*** Opening of Records for this exercise ***

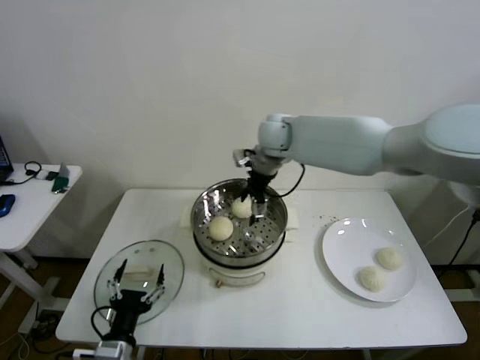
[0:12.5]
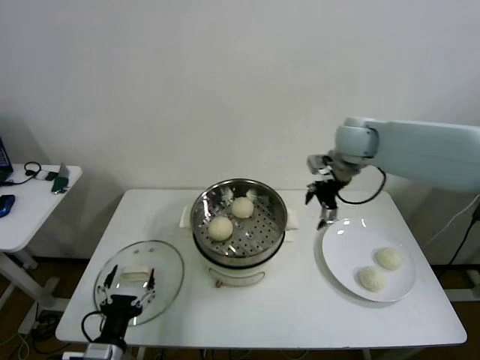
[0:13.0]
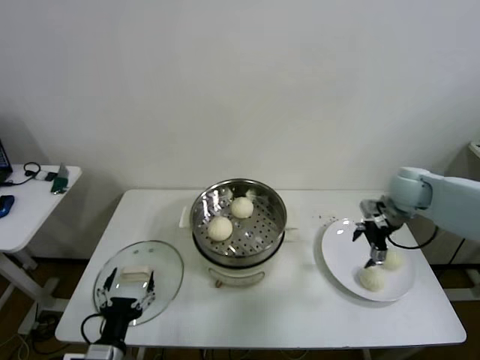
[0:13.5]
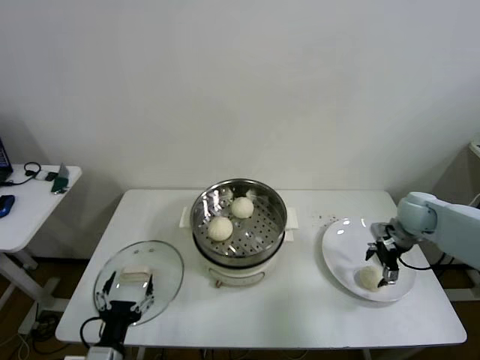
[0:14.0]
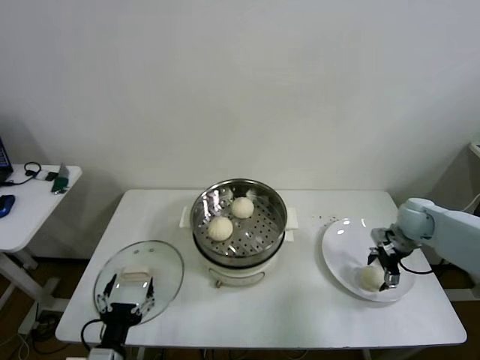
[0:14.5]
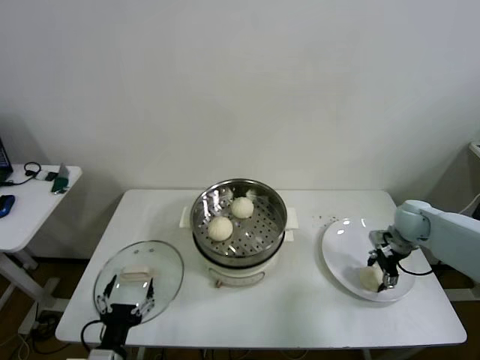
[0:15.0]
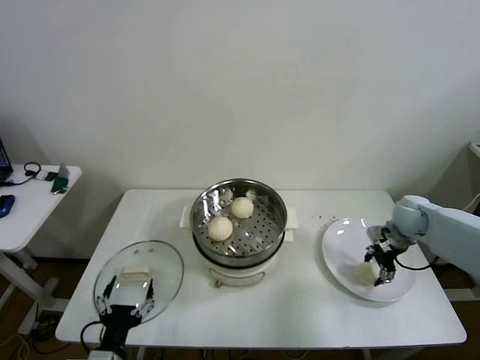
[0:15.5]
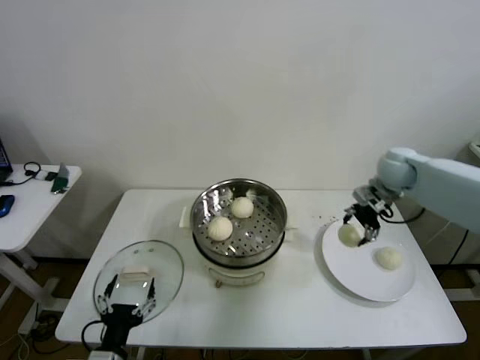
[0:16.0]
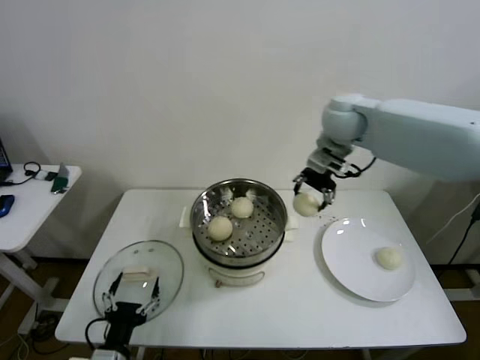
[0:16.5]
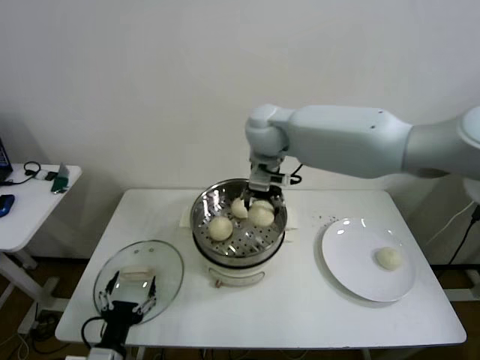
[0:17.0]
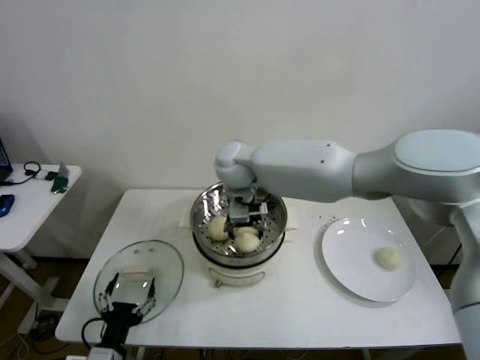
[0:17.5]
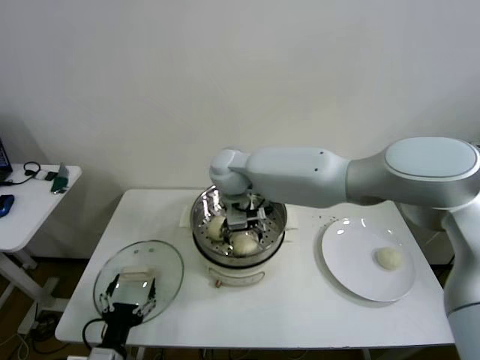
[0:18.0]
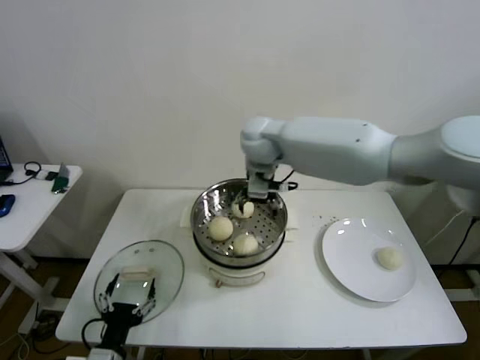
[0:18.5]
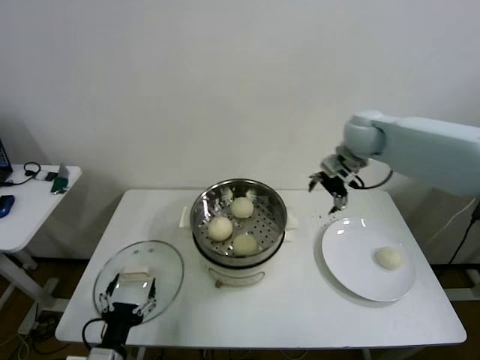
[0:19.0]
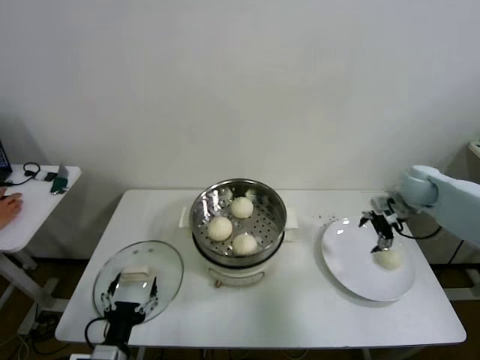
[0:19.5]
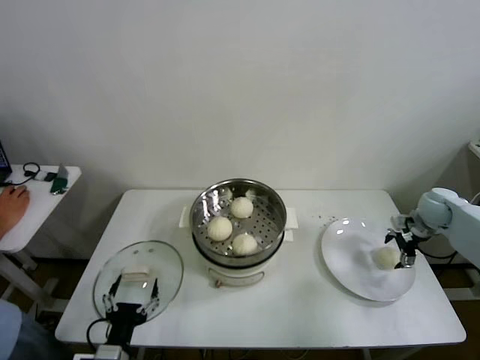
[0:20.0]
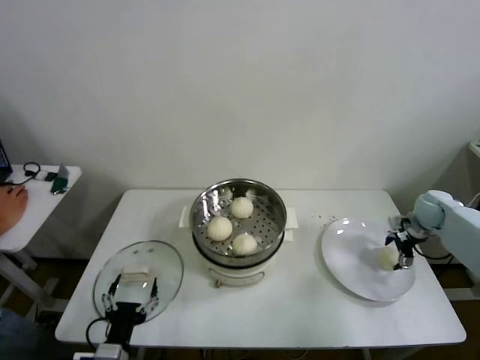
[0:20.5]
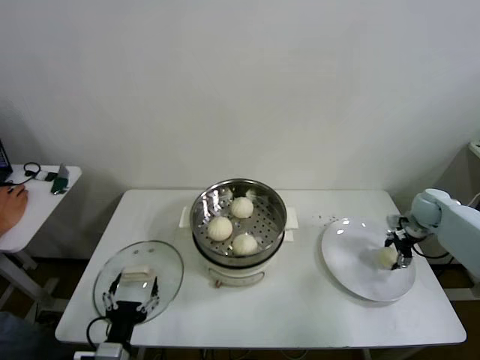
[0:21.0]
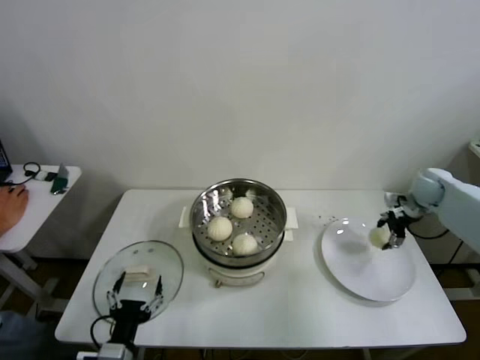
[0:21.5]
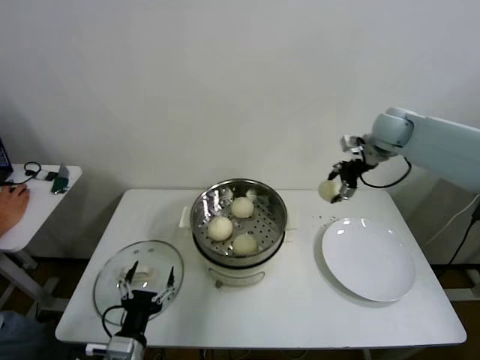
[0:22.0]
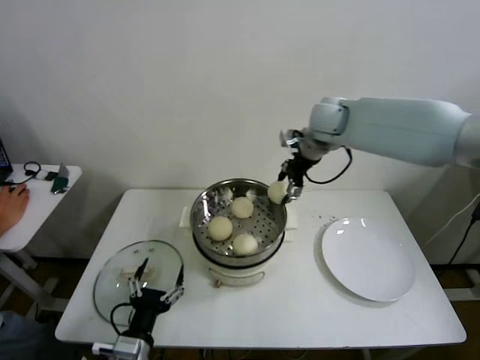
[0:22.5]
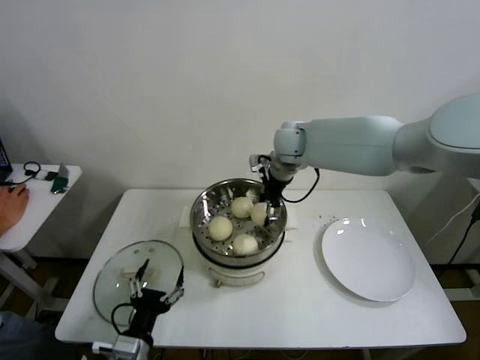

*** Close of Records for this exercise ***

▸ Brief
Repeat each entry precisely as it appears. Leave the pictures out.

▸ Reply
[0:12.5]
[0:13.0]
[0:13.5]
[0:14.0]
[0:14.5]
[0:15.0]
[0:15.5]
[0:16.0]
[0:16.5]
[0:17.0]
[0:17.5]
[0:18.0]
[0:18.5]
[0:19.0]
[0:19.5]
[0:20.0]
[0:20.5]
[0:21.0]
[0:21.5]
[0:22.0]
[0:22.5]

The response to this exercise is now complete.